▶ HOW TO COMPLETE THIS TASK:
Only a number is expected: how many lines in the data below contain the word "pitch".

▶ RECORDS PROVIDED:
# # # # #
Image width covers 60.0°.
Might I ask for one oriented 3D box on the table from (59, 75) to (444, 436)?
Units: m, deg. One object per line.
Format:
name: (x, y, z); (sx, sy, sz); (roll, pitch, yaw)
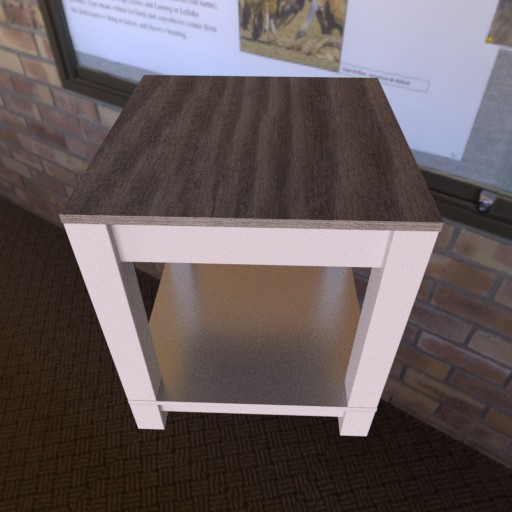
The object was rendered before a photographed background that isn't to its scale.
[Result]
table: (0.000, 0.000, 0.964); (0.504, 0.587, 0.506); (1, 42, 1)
# # # # #
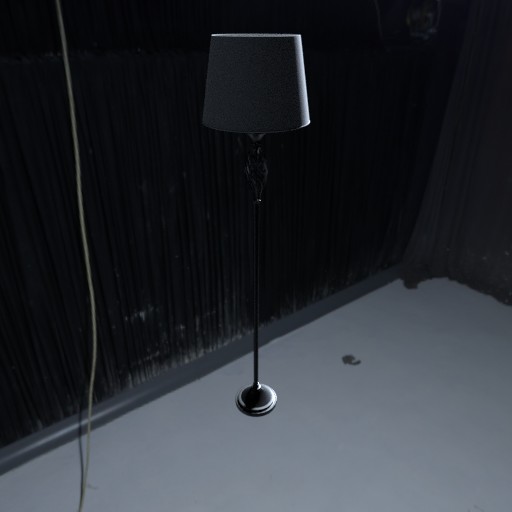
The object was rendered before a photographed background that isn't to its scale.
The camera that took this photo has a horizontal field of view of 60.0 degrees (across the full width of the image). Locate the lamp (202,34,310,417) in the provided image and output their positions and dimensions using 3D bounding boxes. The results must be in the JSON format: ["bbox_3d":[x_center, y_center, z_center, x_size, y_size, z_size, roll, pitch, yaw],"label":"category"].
# # # # #
▶ YOUR RESPONSE:
2